----- Records for the task

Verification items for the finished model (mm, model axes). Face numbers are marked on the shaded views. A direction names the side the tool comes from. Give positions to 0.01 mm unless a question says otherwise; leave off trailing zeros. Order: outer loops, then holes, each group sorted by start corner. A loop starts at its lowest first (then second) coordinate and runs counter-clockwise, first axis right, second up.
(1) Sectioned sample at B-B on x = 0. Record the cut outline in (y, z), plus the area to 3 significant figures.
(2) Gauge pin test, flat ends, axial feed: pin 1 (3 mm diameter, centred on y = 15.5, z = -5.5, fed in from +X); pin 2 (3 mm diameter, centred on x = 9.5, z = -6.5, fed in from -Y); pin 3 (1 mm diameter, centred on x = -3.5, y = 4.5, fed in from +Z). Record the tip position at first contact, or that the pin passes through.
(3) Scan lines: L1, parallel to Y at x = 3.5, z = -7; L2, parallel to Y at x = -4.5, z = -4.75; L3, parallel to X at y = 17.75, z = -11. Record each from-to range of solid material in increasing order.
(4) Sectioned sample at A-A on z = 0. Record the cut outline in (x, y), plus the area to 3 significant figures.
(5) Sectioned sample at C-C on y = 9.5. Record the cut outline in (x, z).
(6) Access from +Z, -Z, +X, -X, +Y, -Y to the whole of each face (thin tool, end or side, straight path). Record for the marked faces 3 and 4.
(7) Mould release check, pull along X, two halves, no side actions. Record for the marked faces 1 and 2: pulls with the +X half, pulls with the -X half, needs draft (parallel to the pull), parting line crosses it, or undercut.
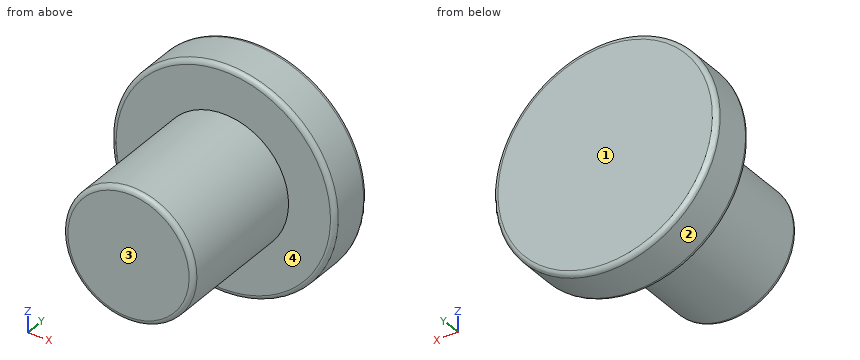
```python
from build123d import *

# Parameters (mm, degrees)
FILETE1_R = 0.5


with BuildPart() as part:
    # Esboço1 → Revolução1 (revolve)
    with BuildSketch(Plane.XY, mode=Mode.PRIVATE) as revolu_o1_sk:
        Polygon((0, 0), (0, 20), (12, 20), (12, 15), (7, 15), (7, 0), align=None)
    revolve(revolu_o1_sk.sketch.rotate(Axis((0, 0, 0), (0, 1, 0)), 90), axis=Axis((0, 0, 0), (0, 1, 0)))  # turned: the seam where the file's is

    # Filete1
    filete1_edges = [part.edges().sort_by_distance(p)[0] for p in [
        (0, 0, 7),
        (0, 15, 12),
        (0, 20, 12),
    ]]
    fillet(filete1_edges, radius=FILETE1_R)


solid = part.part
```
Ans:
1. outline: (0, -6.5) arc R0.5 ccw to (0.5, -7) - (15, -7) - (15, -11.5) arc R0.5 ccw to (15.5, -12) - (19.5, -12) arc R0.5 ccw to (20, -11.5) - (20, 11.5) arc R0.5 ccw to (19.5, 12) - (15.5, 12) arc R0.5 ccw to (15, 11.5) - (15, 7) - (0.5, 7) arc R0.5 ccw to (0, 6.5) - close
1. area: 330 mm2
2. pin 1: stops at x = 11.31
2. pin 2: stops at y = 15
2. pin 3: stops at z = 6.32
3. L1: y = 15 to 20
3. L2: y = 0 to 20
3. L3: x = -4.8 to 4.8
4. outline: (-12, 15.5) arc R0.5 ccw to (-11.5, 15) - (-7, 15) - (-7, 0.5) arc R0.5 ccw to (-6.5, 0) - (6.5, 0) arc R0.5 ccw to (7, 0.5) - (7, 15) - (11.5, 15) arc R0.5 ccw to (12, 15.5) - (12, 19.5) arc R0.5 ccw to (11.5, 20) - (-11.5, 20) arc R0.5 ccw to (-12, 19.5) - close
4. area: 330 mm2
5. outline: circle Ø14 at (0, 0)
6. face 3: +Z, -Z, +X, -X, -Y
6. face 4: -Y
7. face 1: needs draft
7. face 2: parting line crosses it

----------

Try it: Every line of the listing that includes the word "axis" forms the answer.

The answer:
Verification items for the finished model (mm, model axes). Face numbers are marked on the shaded views. A direction names the side the tool comes from. Give positions to 0.01 mm unless a question says otherwise; leave off trailing zeros. Order: outer loops, then holes, each group sorted by start corner. A loop starts at its lowest first (then second) coordinate and runs counter-clockwise, first axis right, second up.
    revolve(revolu_o1_sk.sketch.rotate(Axis((0, 0, 0), (0, 1, 0)), 90), axis=Axis((0, 0, 0), (0, 1, 0)))  # turned: the seam where the file's is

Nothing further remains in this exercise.